声を発したあと、2人とも黙ったまま。どこか居心地悪そうに目を泳がせているように見えた。そして、周りの誰も言葉を発しないその場の空気を変えたのは、私の横にいたみゆだ。


「お知り合いですか?」


そう声をかけるみゆに、2人は一瞬驚いたような顔をした。でも、それは本当に一瞬で。すぐ笑顔になる。


「前に仕事でご一緒させて頂いたのですわ」


宇佐美さんの言葉に、ゆうくんはこくんと頷く。デザイナーとアイドルなら確かに仕事で一緒になることもあると思う。ふんふんと納得していると、みゆが「では宇佐美さんもこの後の打ち合わせ、もしご用事がなければご一緒しますか?」と聞いたことにより、宇佐美さんも一緒にすることになった。



場所を移して、会議室。『Colors』の皆さんには先に席に着いてもらい、私たちは準備のために少し席をたつ。カラフルな髪の毛が殺風景な部屋に並んでいる姿はどこかミスマッチだ。


「みゆ、『Colors』に話しかけなくていいの?打ち合わせの後にでもさ」


会議室の端の方で、資料を再度私とみゆでまとめる。どこかソワソワした様子で横にいたみゆにそう問いかけると、彼女はぶんぶんと首を横に振った。


「ダメだよ。だって、これは仕事だもん」


「せっかくなのに?」


「うん!これはけじめなの!仕事場にまでファンがいて、あれやこれや言われたら気が休まらないじゃない?………本当は話しかけたいし、ファンだって言いたいけれど、喉から手が出そうだけど………ダメダメ!!ダメなの!!」


私の問いかけに、途中心が揺らいだらしく、怪しいところもあったが、その後ぶんぶんともう一度首を振る。そのファンとしての心意気に感心する。


「あんたすごいねぇ、ファンの鑑だわ」


「でしょ?……って強がってるだけだけどね」


「結月、これ、手伝ってくんね?」


そうやってみゆと話していると、お茶を入れていた倉本がそう声をかけてきた。


さっきから、倉本、ずっとお茶をいれているわね。さすがに申し訳ない。


そう思って資料をまとめ終えると、倉本がいる給湯室へ行く。給湯室と言っても会議室兼応接室のすぐ近くにあるため、部屋を変えるという感じはあまりないが。
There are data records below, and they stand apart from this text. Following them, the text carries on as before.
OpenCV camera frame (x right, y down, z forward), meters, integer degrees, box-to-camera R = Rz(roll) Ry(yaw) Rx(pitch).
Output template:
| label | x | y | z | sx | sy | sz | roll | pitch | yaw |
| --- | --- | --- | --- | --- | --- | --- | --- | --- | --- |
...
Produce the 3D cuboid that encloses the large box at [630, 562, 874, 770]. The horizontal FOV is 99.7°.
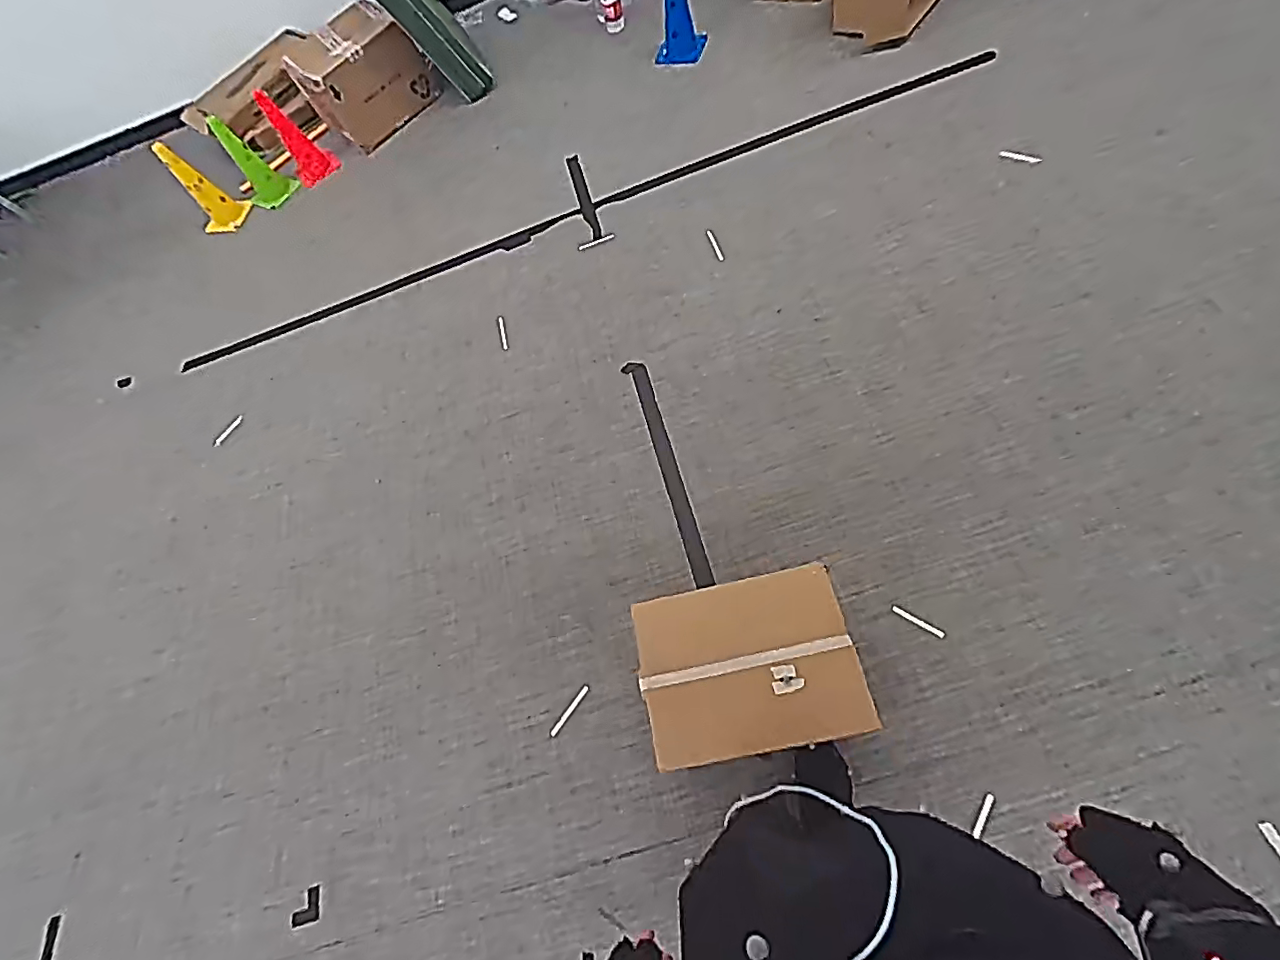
| label | x | y | z | sx | sy | sz | roll | pitch | yaw |
| --- | --- | --- | --- | --- | --- | --- | --- | --- | --- |
| large box | 0.222 | 0.407 | 1.162 | 0.408 | 0.320 | 0.320 | -14 | 64 | 5 |
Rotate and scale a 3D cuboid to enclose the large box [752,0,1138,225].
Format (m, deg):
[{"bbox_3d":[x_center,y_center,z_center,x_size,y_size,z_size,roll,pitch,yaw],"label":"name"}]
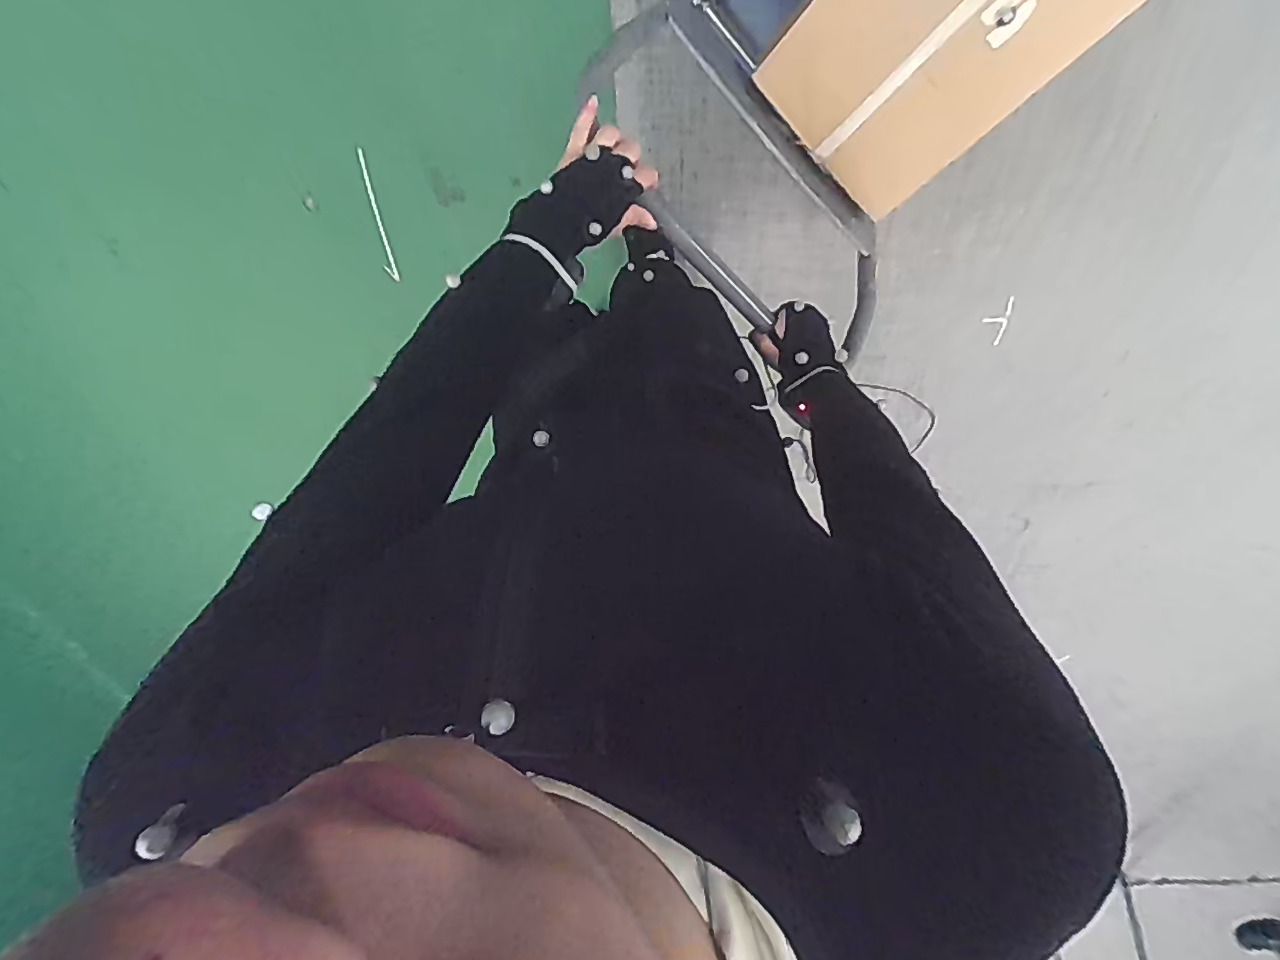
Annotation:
[{"bbox_3d":[0.441,-0.718,0.873,0.320,0.320,0.408,37,133,-20],"label":"large box"}]
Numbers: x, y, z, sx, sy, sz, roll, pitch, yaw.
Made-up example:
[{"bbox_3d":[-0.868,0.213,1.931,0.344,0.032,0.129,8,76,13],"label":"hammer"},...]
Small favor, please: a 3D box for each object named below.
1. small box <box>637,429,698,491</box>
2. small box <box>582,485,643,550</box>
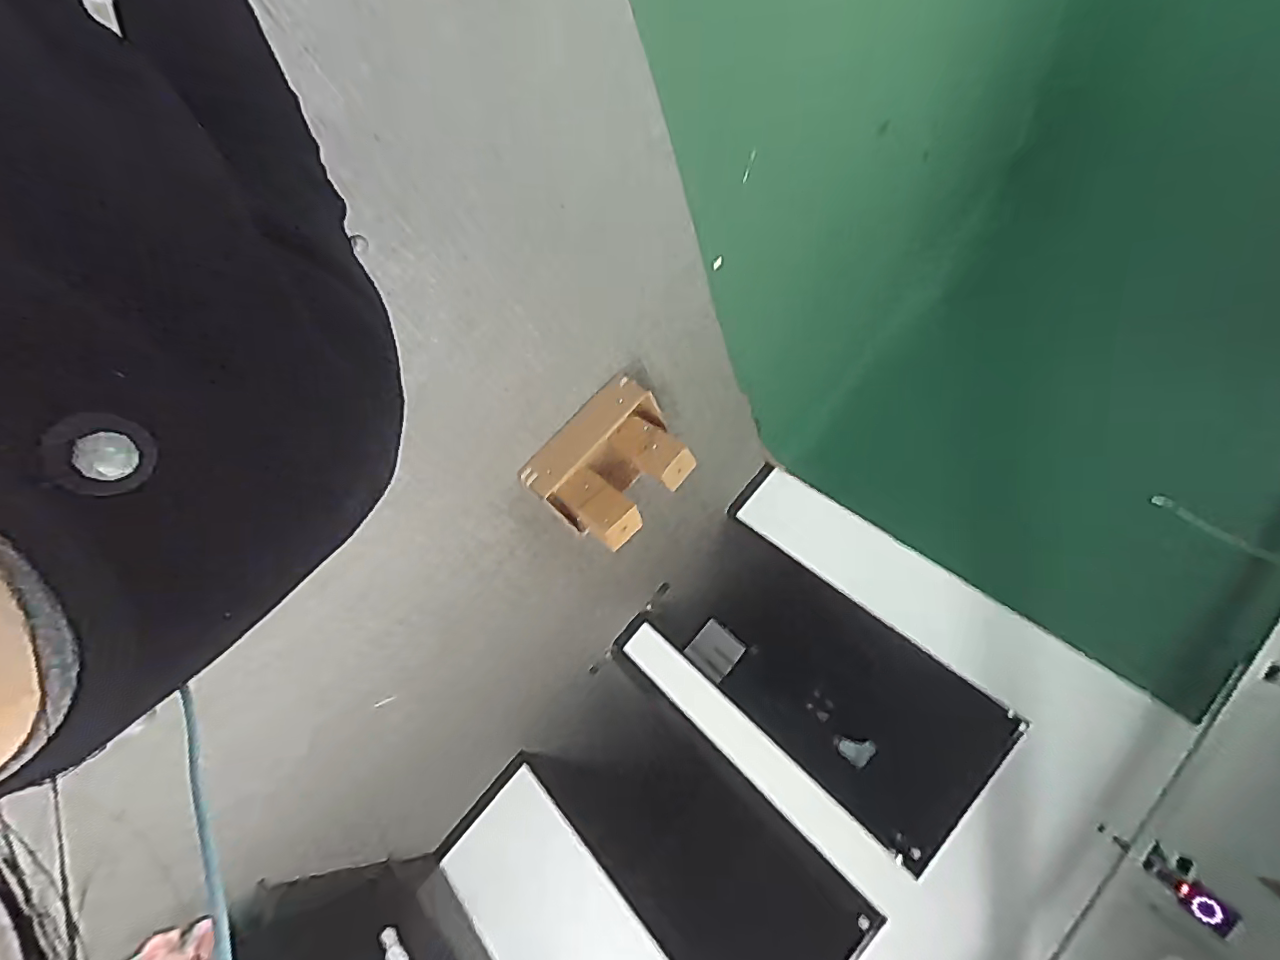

給湯室にはいると、倉本がケトルでお茶を注いでいる。そんな倉本に近づくと、空のコップをそっと頭に乗せられた。


「あ、間違えた。あまりにもチビだから、机かと思った」


「わざとだよね!?」


しらっとした顔で言った倉本に私が言い返すと、倉本はニヤリと笑いながら「どうだろうなぁ」と言った。なぜ机と私を間違う?!絶対うそだ。確信犯だ。


それに、私は確かに身長は低いかもしれないが、そこまでじゃない!!机と間違うほど低くはない!
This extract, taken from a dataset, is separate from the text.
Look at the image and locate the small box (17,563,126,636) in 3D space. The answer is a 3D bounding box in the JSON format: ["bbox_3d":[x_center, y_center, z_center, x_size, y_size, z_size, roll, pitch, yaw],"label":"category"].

むぅとむくれている私の横で、倉本はお茶をどんどん注ぎ、隣に置いてあったお盆にコップを並べていく。半分ほどのお茶が載った時、私へとお盆を差し出した。


「熱いから気をつけろよ?」


「ありがとう」


「いえいえ〜。小学生にはちゃんと言っておかなきゃダメだろ〜?」


私がお盆を受け取りながら言うと、倉本はまたニヤリと口の端だけを上げて笑った。


どっちが、小学生だよ!倉本の方が発想、小学生だわ!


プンスカと怒りながら、でも零さないように慎重にお盆を運ぶ。給湯室の出入口を出ようとする少し前、パタパタと走り去るような音が聞こえた。誰かいたのだろうか。いたとしても給湯室を使いたい誰かで、きっといっぱいだから後にしたのだろうけれど。


お茶をそれぞれの前に置き、その後席に着く。机の長辺に私たち会社のメンバーと『Colors』が向かい合い、短辺に宇佐美さんが座っている。
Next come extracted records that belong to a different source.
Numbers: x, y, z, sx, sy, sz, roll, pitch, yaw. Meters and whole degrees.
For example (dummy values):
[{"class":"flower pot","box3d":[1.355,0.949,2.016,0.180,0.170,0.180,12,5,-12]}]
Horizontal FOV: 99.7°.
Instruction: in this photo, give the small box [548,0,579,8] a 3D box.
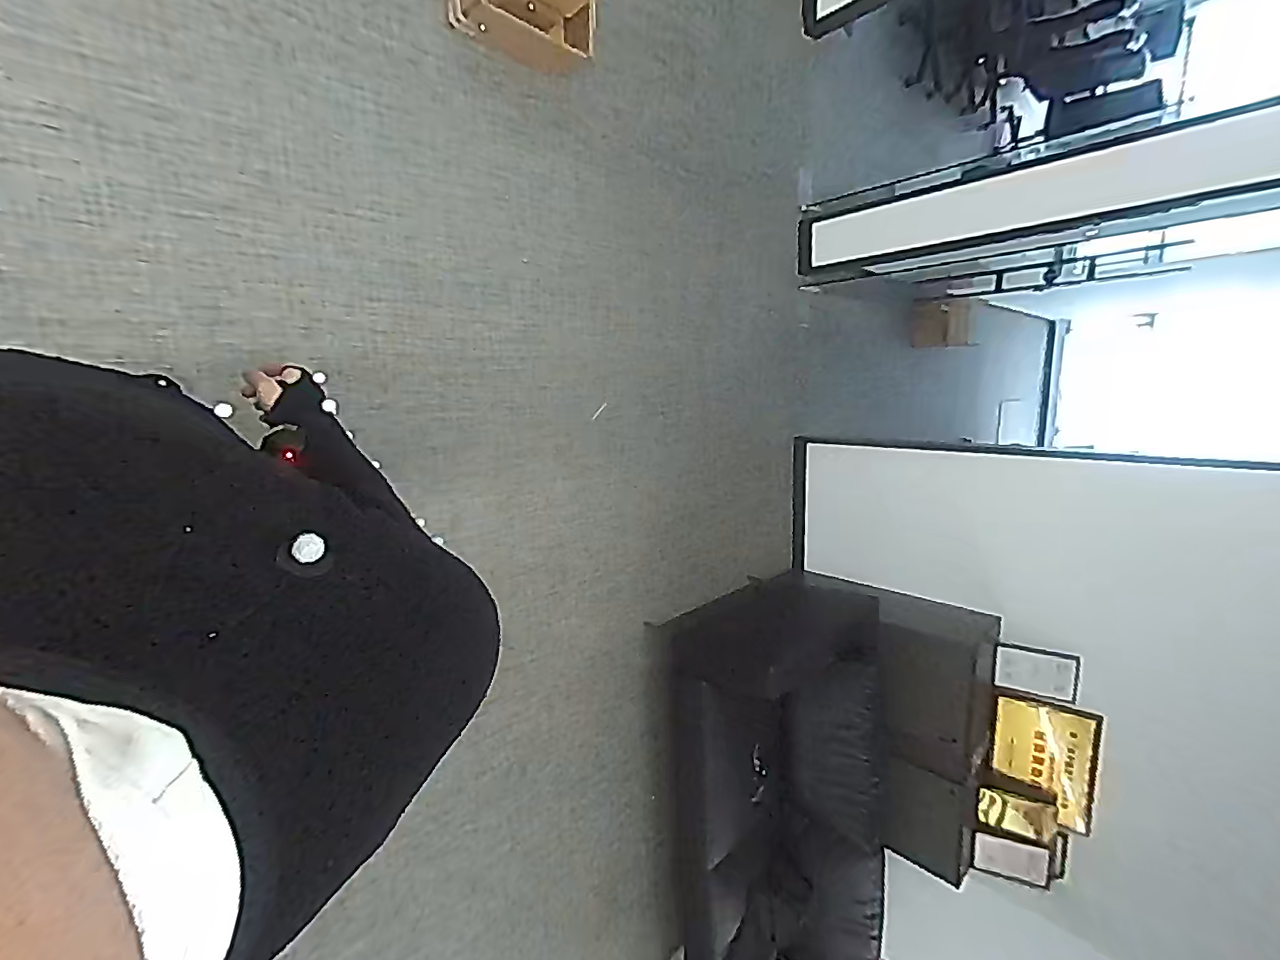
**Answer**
[{"class":"small box","box3d":[-0.220,-1.461,1.489,0.179,0.176,0.168,-4,100,-43]}]
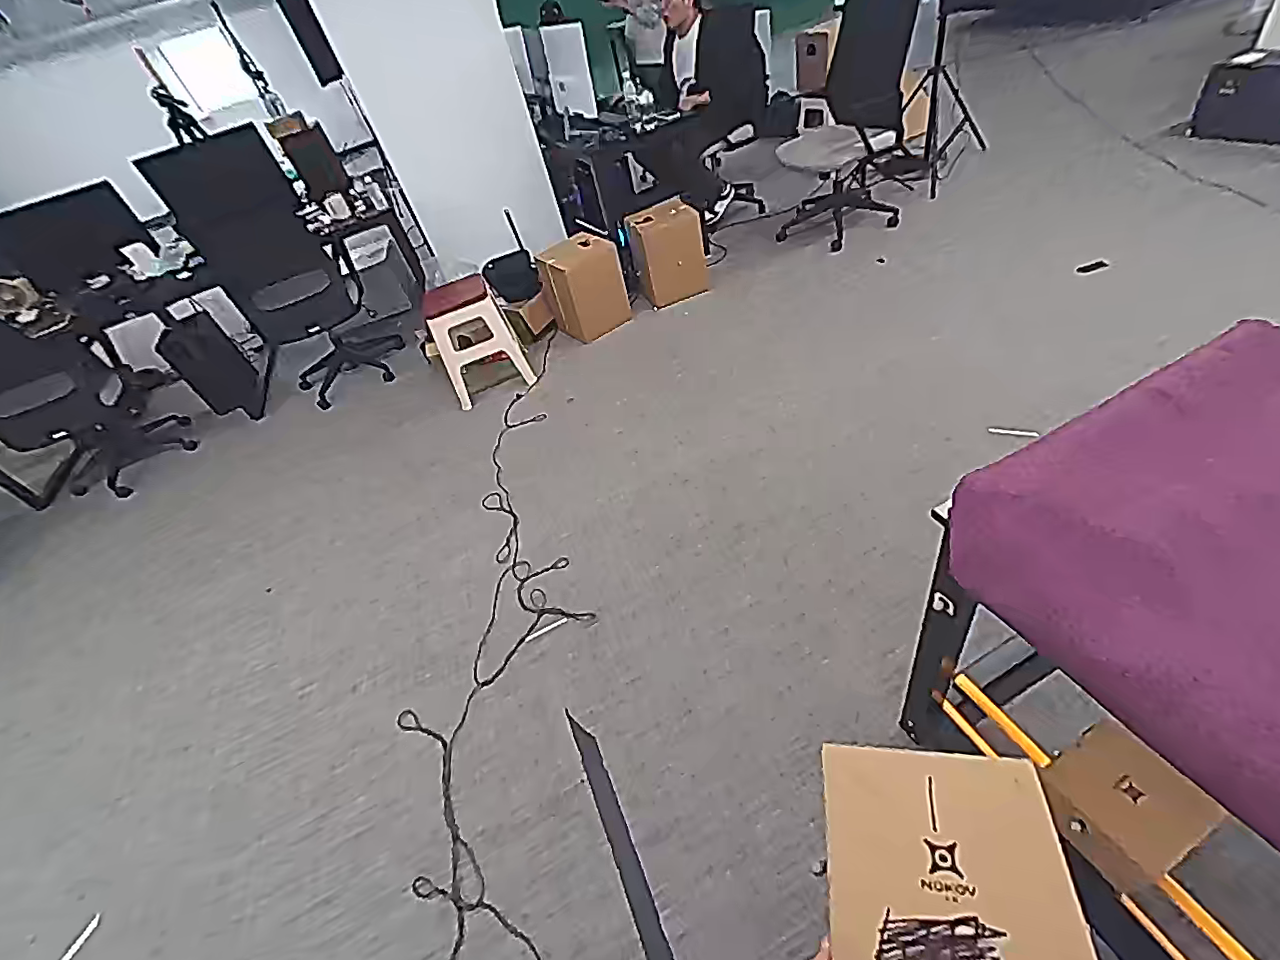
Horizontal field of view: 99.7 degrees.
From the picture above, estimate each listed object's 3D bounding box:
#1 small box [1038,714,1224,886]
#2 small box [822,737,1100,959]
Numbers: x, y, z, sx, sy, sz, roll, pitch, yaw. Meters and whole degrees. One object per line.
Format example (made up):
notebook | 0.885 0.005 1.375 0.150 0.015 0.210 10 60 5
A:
small box | 0.782 0.537 0.902 0.168 0.176 0.179 -31 43 -11
small box | 0.243 0.344 0.448 0.168 0.176 0.179 -3 40 17

最後に給湯室からお盆をもって部屋に入ってくる倉本。残りのお茶を配りきった彼が席に着いたのを見計らってそれぞれ自己紹介をして、打ち合わせが始まる。コンセプトやCMの構成など話し合うことは様々だ。


今回の商品のコンセプトは『見えないところにも華やかさを』だ。スキンケア関係の化粧品だから、表に出ることはないけれど、使ってくれる人の内から湧き出る美しさを、さらに輝かせ華やかにする手助けをするものでありたいと、私が、そしてメンバーのみんなが魂を込めた作品だ。


その後、打ち合わせは順調に進んだ。きっとCMも商品も上手くいく、そう私は確信したし、きっと周りのみんなもそうだと思う。